Start of DATA FOR PROCESSING
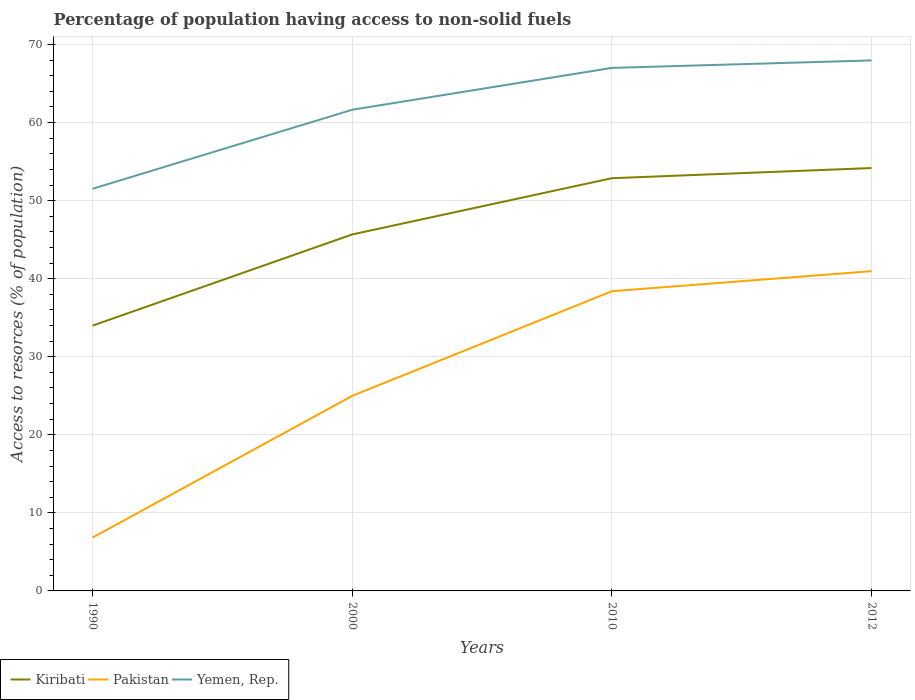Is the number of lines equal to the number of legend labels?
Keep it short and to the point. Yes. Across all years, what is the maximum percentage of population having access to non-solid fuels in Yemen, Rep.?
Provide a short and direct response. 51.52. What is the total percentage of population having access to non-solid fuels in Yemen, Rep. in the graph?
Offer a very short reply. -6.32. What is the difference between the highest and the second highest percentage of population having access to non-solid fuels in Pakistan?
Give a very brief answer. 34.12. How many lines are there?
Keep it short and to the point. 3. Are the values on the major ticks of Y-axis written in scientific E-notation?
Provide a short and direct response. No. Does the graph contain grids?
Provide a short and direct response. Yes. How many legend labels are there?
Your response must be concise. 3. What is the title of the graph?
Provide a succinct answer. Percentage of population having access to non-solid fuels. Does "Estonia" appear as one of the legend labels in the graph?
Ensure brevity in your answer.  No. What is the label or title of the Y-axis?
Offer a very short reply. Access to resorces (% of population). What is the Access to resorces (% of population) in Kiribati in 1990?
Ensure brevity in your answer.  33.99. What is the Access to resorces (% of population) in Pakistan in 1990?
Give a very brief answer. 6.84. What is the Access to resorces (% of population) of Yemen, Rep. in 1990?
Provide a short and direct response. 51.52. What is the Access to resorces (% of population) of Kiribati in 2000?
Offer a terse response. 45.67. What is the Access to resorces (% of population) in Pakistan in 2000?
Your answer should be compact. 25. What is the Access to resorces (% of population) of Yemen, Rep. in 2000?
Keep it short and to the point. 61.64. What is the Access to resorces (% of population) of Kiribati in 2010?
Offer a very short reply. 52.87. What is the Access to resorces (% of population) in Pakistan in 2010?
Provide a short and direct response. 38.4. What is the Access to resorces (% of population) in Yemen, Rep. in 2010?
Keep it short and to the point. 67. What is the Access to resorces (% of population) in Kiribati in 2012?
Provide a succinct answer. 54.17. What is the Access to resorces (% of population) in Pakistan in 2012?
Your answer should be compact. 40.96. What is the Access to resorces (% of population) of Yemen, Rep. in 2012?
Your response must be concise. 67.96. Across all years, what is the maximum Access to resorces (% of population) of Kiribati?
Keep it short and to the point. 54.17. Across all years, what is the maximum Access to resorces (% of population) in Pakistan?
Give a very brief answer. 40.96. Across all years, what is the maximum Access to resorces (% of population) of Yemen, Rep.?
Ensure brevity in your answer.  67.96. Across all years, what is the minimum Access to resorces (% of population) of Kiribati?
Ensure brevity in your answer.  33.99. Across all years, what is the minimum Access to resorces (% of population) in Pakistan?
Your response must be concise. 6.84. Across all years, what is the minimum Access to resorces (% of population) of Yemen, Rep.?
Provide a succinct answer. 51.52. What is the total Access to resorces (% of population) in Kiribati in the graph?
Your answer should be compact. 186.7. What is the total Access to resorces (% of population) of Pakistan in the graph?
Give a very brief answer. 111.2. What is the total Access to resorces (% of population) in Yemen, Rep. in the graph?
Keep it short and to the point. 248.13. What is the difference between the Access to resorces (% of population) in Kiribati in 1990 and that in 2000?
Provide a short and direct response. -11.68. What is the difference between the Access to resorces (% of population) in Pakistan in 1990 and that in 2000?
Your response must be concise. -18.15. What is the difference between the Access to resorces (% of population) of Yemen, Rep. in 1990 and that in 2000?
Ensure brevity in your answer.  -10.12. What is the difference between the Access to resorces (% of population) in Kiribati in 1990 and that in 2010?
Give a very brief answer. -18.88. What is the difference between the Access to resorces (% of population) of Pakistan in 1990 and that in 2010?
Provide a short and direct response. -31.55. What is the difference between the Access to resorces (% of population) in Yemen, Rep. in 1990 and that in 2010?
Ensure brevity in your answer.  -15.48. What is the difference between the Access to resorces (% of population) of Kiribati in 1990 and that in 2012?
Your response must be concise. -20.18. What is the difference between the Access to resorces (% of population) of Pakistan in 1990 and that in 2012?
Your response must be concise. -34.12. What is the difference between the Access to resorces (% of population) of Yemen, Rep. in 1990 and that in 2012?
Offer a terse response. -16.44. What is the difference between the Access to resorces (% of population) in Kiribati in 2000 and that in 2010?
Provide a succinct answer. -7.2. What is the difference between the Access to resorces (% of population) in Pakistan in 2000 and that in 2010?
Your answer should be very brief. -13.4. What is the difference between the Access to resorces (% of population) in Yemen, Rep. in 2000 and that in 2010?
Offer a terse response. -5.36. What is the difference between the Access to resorces (% of population) of Kiribati in 2000 and that in 2012?
Provide a short and direct response. -8.5. What is the difference between the Access to resorces (% of population) of Pakistan in 2000 and that in 2012?
Make the answer very short. -15.97. What is the difference between the Access to resorces (% of population) of Yemen, Rep. in 2000 and that in 2012?
Your answer should be compact. -6.32. What is the difference between the Access to resorces (% of population) of Kiribati in 2010 and that in 2012?
Keep it short and to the point. -1.3. What is the difference between the Access to resorces (% of population) of Pakistan in 2010 and that in 2012?
Keep it short and to the point. -2.57. What is the difference between the Access to resorces (% of population) in Yemen, Rep. in 2010 and that in 2012?
Make the answer very short. -0.96. What is the difference between the Access to resorces (% of population) of Kiribati in 1990 and the Access to resorces (% of population) of Pakistan in 2000?
Make the answer very short. 8.99. What is the difference between the Access to resorces (% of population) of Kiribati in 1990 and the Access to resorces (% of population) of Yemen, Rep. in 2000?
Ensure brevity in your answer.  -27.65. What is the difference between the Access to resorces (% of population) of Pakistan in 1990 and the Access to resorces (% of population) of Yemen, Rep. in 2000?
Make the answer very short. -54.8. What is the difference between the Access to resorces (% of population) in Kiribati in 1990 and the Access to resorces (% of population) in Pakistan in 2010?
Keep it short and to the point. -4.41. What is the difference between the Access to resorces (% of population) in Kiribati in 1990 and the Access to resorces (% of population) in Yemen, Rep. in 2010?
Provide a short and direct response. -33.01. What is the difference between the Access to resorces (% of population) of Pakistan in 1990 and the Access to resorces (% of population) of Yemen, Rep. in 2010?
Keep it short and to the point. -60.16. What is the difference between the Access to resorces (% of population) in Kiribati in 1990 and the Access to resorces (% of population) in Pakistan in 2012?
Your response must be concise. -6.97. What is the difference between the Access to resorces (% of population) of Kiribati in 1990 and the Access to resorces (% of population) of Yemen, Rep. in 2012?
Provide a short and direct response. -33.97. What is the difference between the Access to resorces (% of population) in Pakistan in 1990 and the Access to resorces (% of population) in Yemen, Rep. in 2012?
Give a very brief answer. -61.12. What is the difference between the Access to resorces (% of population) in Kiribati in 2000 and the Access to resorces (% of population) in Pakistan in 2010?
Give a very brief answer. 7.27. What is the difference between the Access to resorces (% of population) of Kiribati in 2000 and the Access to resorces (% of population) of Yemen, Rep. in 2010?
Offer a terse response. -21.33. What is the difference between the Access to resorces (% of population) in Pakistan in 2000 and the Access to resorces (% of population) in Yemen, Rep. in 2010?
Give a very brief answer. -42.01. What is the difference between the Access to resorces (% of population) of Kiribati in 2000 and the Access to resorces (% of population) of Pakistan in 2012?
Provide a succinct answer. 4.71. What is the difference between the Access to resorces (% of population) in Kiribati in 2000 and the Access to resorces (% of population) in Yemen, Rep. in 2012?
Your answer should be very brief. -22.29. What is the difference between the Access to resorces (% of population) of Pakistan in 2000 and the Access to resorces (% of population) of Yemen, Rep. in 2012?
Ensure brevity in your answer.  -42.96. What is the difference between the Access to resorces (% of population) in Kiribati in 2010 and the Access to resorces (% of population) in Pakistan in 2012?
Make the answer very short. 11.91. What is the difference between the Access to resorces (% of population) in Kiribati in 2010 and the Access to resorces (% of population) in Yemen, Rep. in 2012?
Ensure brevity in your answer.  -15.09. What is the difference between the Access to resorces (% of population) of Pakistan in 2010 and the Access to resorces (% of population) of Yemen, Rep. in 2012?
Your answer should be compact. -29.56. What is the average Access to resorces (% of population) in Kiribati per year?
Make the answer very short. 46.68. What is the average Access to resorces (% of population) of Pakistan per year?
Make the answer very short. 27.8. What is the average Access to resorces (% of population) of Yemen, Rep. per year?
Your response must be concise. 62.03. In the year 1990, what is the difference between the Access to resorces (% of population) of Kiribati and Access to resorces (% of population) of Pakistan?
Make the answer very short. 27.15. In the year 1990, what is the difference between the Access to resorces (% of population) of Kiribati and Access to resorces (% of population) of Yemen, Rep.?
Provide a short and direct response. -17.53. In the year 1990, what is the difference between the Access to resorces (% of population) in Pakistan and Access to resorces (% of population) in Yemen, Rep.?
Ensure brevity in your answer.  -44.68. In the year 2000, what is the difference between the Access to resorces (% of population) in Kiribati and Access to resorces (% of population) in Pakistan?
Provide a short and direct response. 20.67. In the year 2000, what is the difference between the Access to resorces (% of population) in Kiribati and Access to resorces (% of population) in Yemen, Rep.?
Your answer should be very brief. -15.97. In the year 2000, what is the difference between the Access to resorces (% of population) in Pakistan and Access to resorces (% of population) in Yemen, Rep.?
Your response must be concise. -36.65. In the year 2010, what is the difference between the Access to resorces (% of population) in Kiribati and Access to resorces (% of population) in Pakistan?
Your answer should be very brief. 14.48. In the year 2010, what is the difference between the Access to resorces (% of population) of Kiribati and Access to resorces (% of population) of Yemen, Rep.?
Offer a terse response. -14.13. In the year 2010, what is the difference between the Access to resorces (% of population) in Pakistan and Access to resorces (% of population) in Yemen, Rep.?
Your answer should be compact. -28.61. In the year 2012, what is the difference between the Access to resorces (% of population) of Kiribati and Access to resorces (% of population) of Pakistan?
Keep it short and to the point. 13.21. In the year 2012, what is the difference between the Access to resorces (% of population) of Kiribati and Access to resorces (% of population) of Yemen, Rep.?
Provide a short and direct response. -13.79. In the year 2012, what is the difference between the Access to resorces (% of population) of Pakistan and Access to resorces (% of population) of Yemen, Rep.?
Your response must be concise. -27. What is the ratio of the Access to resorces (% of population) of Kiribati in 1990 to that in 2000?
Ensure brevity in your answer.  0.74. What is the ratio of the Access to resorces (% of population) in Pakistan in 1990 to that in 2000?
Keep it short and to the point. 0.27. What is the ratio of the Access to resorces (% of population) in Yemen, Rep. in 1990 to that in 2000?
Your answer should be compact. 0.84. What is the ratio of the Access to resorces (% of population) in Kiribati in 1990 to that in 2010?
Keep it short and to the point. 0.64. What is the ratio of the Access to resorces (% of population) in Pakistan in 1990 to that in 2010?
Offer a terse response. 0.18. What is the ratio of the Access to resorces (% of population) of Yemen, Rep. in 1990 to that in 2010?
Make the answer very short. 0.77. What is the ratio of the Access to resorces (% of population) of Kiribati in 1990 to that in 2012?
Ensure brevity in your answer.  0.63. What is the ratio of the Access to resorces (% of population) in Pakistan in 1990 to that in 2012?
Ensure brevity in your answer.  0.17. What is the ratio of the Access to resorces (% of population) of Yemen, Rep. in 1990 to that in 2012?
Your answer should be compact. 0.76. What is the ratio of the Access to resorces (% of population) in Kiribati in 2000 to that in 2010?
Offer a very short reply. 0.86. What is the ratio of the Access to resorces (% of population) of Pakistan in 2000 to that in 2010?
Offer a terse response. 0.65. What is the ratio of the Access to resorces (% of population) of Yemen, Rep. in 2000 to that in 2010?
Give a very brief answer. 0.92. What is the ratio of the Access to resorces (% of population) in Kiribati in 2000 to that in 2012?
Provide a succinct answer. 0.84. What is the ratio of the Access to resorces (% of population) in Pakistan in 2000 to that in 2012?
Give a very brief answer. 0.61. What is the ratio of the Access to resorces (% of population) in Yemen, Rep. in 2000 to that in 2012?
Your answer should be very brief. 0.91. What is the ratio of the Access to resorces (% of population) of Pakistan in 2010 to that in 2012?
Keep it short and to the point. 0.94. What is the ratio of the Access to resorces (% of population) of Yemen, Rep. in 2010 to that in 2012?
Ensure brevity in your answer.  0.99. What is the difference between the highest and the second highest Access to resorces (% of population) of Pakistan?
Your answer should be compact. 2.57. What is the difference between the highest and the second highest Access to resorces (% of population) of Yemen, Rep.?
Ensure brevity in your answer.  0.96. What is the difference between the highest and the lowest Access to resorces (% of population) of Kiribati?
Offer a terse response. 20.18. What is the difference between the highest and the lowest Access to resorces (% of population) of Pakistan?
Offer a very short reply. 34.12. What is the difference between the highest and the lowest Access to resorces (% of population) of Yemen, Rep.?
Offer a terse response. 16.44.
End of DATA FOR PROCESSING
**PROBLEM TO SOLVE**
Copy out, exactly and alone, the lines of the entries above between the ones holding "Your response must be concise. 3." and "Offer a terse response. 45.67.", inclusive.

**TASK RESPONSE**
Your response must be concise. 3. What is the title of the graph?
Provide a succinct answer. Percentage of population having access to non-solid fuels. Does "Estonia" appear as one of the legend labels in the graph?
Ensure brevity in your answer.  No. What is the label or title of the Y-axis?
Offer a very short reply. Access to resorces (% of population). What is the Access to resorces (% of population) in Kiribati in 1990?
Ensure brevity in your answer.  33.99. What is the Access to resorces (% of population) in Pakistan in 1990?
Give a very brief answer. 6.84. What is the Access to resorces (% of population) of Yemen, Rep. in 1990?
Provide a short and direct response. 51.52. What is the Access to resorces (% of population) of Kiribati in 2000?
Offer a terse response. 45.67. What is the Access to resorces (% of population) in Pakistan in 2000?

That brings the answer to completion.